Thirdly, the Asian cultural value of collectivism streaming from the three core Asian values —harmony, relationality or reciprocity, and circularity—requires the gospel presentation framework to consider following group or collectivist decision-making, not individualistic decision-making, which means the whole family should be collectively witnessed to and persuaded to follow Christ. Moreover, the post-conversion growth in faith should also be experienced collectively as well.

"So, what do harmony, relationality, and circularity mean?" 

Saiyasak stated that harmony is achieved among one another, with nature and all life. While Westerners desire to command and control the situation, this core Asian value dictates that they achieve a harmonious relationship with them. So this value discourages converting to another religion due to the perception that it will result in this harmony.

Relationality or reciprocity means everything that occurs is related. We exist not as independent individuals, but as independent and interrelated beings, and the Asian sense of self is more deeply rooted in the web of human relationships.

Circularity refers to the transcendence in space and time, providing a sense of relatedness to the present, the present to the past and the future, a sense of relatedness and life of this world to the whole of creation. We exist between our past ancestors and our future children.

To counter the severe impact that Christian conversion has on the three core Asian values—the negative balance of the value of the gospel relative to the value of harmony, the disruptive impact on the value of relationality, and the total eradication of the value of circularity, Saiyasak suggested that Christian leaders in Asia should dialogue and reflect together to come up with an Asian contextual communication approach. He thought Moore's Strategic Triangle should be helpful in this case, which is to build legitimacy and support, public value, and operational capacity.

“The Asian cultural heartlands have experienced loss because of the gospel. This is not to say that Asia has not benefited from the gospel, overall against its core values, Asia has faced more loss than gain,” he explained.

Christianity in Asia has lacked legitimacy and support since the forced conversion in the period of colonization era. Christianity is still being perceived in Southeast Asia, particularly Laos, Thailand, and Cambodia, areas that have been formally colonized, as destruction to family, ethnicity, communities, national disharmony, and reciprocal relationships.

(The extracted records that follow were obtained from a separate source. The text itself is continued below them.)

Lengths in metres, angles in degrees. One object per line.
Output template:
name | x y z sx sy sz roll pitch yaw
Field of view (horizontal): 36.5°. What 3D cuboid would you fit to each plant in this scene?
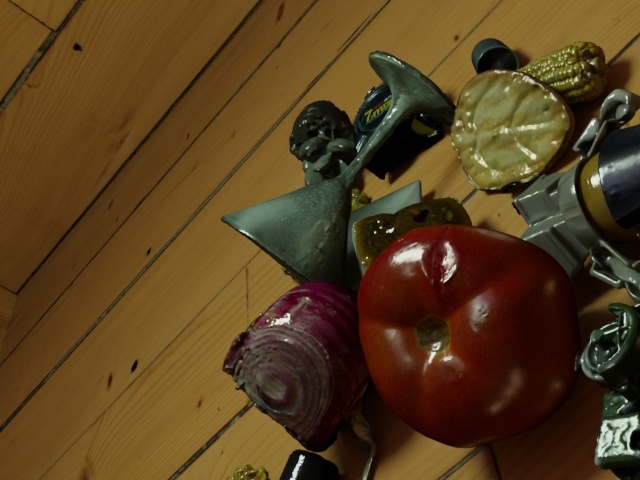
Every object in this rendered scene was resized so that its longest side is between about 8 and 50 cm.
plant | 0.012 -0.194 2.103 0.274 0.149 0.146 -103 36 -62

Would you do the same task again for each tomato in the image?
tomato | 0.193 0.118 1.242 0.299 0.226 0.298 3 96 34

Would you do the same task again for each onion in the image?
onion | 0.000 0.179 1.526 0.230 0.272 0.256 -59 10 12

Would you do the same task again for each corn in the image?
corn | 0.350 -0.239 1.595 0.292 0.101 0.101 -25 38 55

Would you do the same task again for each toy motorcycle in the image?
toy motorcycle | 0.342 0.191 0.933 0.127 0.205 0.275 -32 28 40

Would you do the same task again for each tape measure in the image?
tape measure | 0.156 -0.238 1.930 0.199 0.112 0.186 -35 38 29

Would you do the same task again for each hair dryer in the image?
hair dryer | 0.012 0.420 1.428 0.251 0.089 0.197 -7 50 48

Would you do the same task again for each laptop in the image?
laptop | 0.081 0.011 1.789 0.269 0.015 0.187 -26 47 34

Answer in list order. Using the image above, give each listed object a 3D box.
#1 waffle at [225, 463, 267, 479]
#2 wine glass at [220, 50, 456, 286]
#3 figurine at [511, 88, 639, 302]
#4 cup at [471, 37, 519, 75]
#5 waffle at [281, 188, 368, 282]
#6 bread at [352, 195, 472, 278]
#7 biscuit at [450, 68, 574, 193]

Meanwhile, Christianity presented through mission condemned the circularity value.

"How should we build the public and social value of the gospel? How should we build the operational capacity for Asia messengers of the gospel?" Saiyasak’s organization, the Evangelical Mission, uses the strategic triangle of education, business, and churches to demonstrate change, building capacity, skill sets, and mindsets.

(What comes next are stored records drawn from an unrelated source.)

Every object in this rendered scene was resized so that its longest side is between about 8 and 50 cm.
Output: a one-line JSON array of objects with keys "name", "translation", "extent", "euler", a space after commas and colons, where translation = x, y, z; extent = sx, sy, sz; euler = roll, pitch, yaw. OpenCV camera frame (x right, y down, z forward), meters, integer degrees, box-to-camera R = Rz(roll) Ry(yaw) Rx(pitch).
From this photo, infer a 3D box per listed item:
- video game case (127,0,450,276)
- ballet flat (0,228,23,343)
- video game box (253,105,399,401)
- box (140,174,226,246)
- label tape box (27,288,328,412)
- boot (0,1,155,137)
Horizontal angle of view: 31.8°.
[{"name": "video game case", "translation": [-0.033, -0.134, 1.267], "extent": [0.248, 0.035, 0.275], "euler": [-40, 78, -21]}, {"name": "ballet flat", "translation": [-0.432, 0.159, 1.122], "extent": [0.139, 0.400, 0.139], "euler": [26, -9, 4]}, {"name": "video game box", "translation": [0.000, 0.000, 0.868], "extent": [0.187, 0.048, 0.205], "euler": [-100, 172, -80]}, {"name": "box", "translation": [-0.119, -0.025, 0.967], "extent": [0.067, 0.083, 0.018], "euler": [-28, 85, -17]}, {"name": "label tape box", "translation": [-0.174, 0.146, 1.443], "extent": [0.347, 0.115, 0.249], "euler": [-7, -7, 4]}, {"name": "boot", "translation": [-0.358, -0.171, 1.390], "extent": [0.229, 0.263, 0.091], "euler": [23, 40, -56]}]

He described in detail the things that missionaries should do. “They just want to be loved. They want to be embraced. They want us to stand with them...... They want to us be there when they are sick and have demons over them. That's what they understand. That's the gospel.”

Saiyasak ended with the “12 mountains” listed in the global think-tank form of the World Evangelical Alliance convened in September in Austria, a way to build capacity, which includes arts, business, education, family, media, politics, technology, and others, things form the foundations of culture.

“As you continued to do those two things (build values of the gospel and build the capacity of churches in Asia), Asia will lend legitimacy and support for Christianity to grow and thrive in Asia,” he concluded.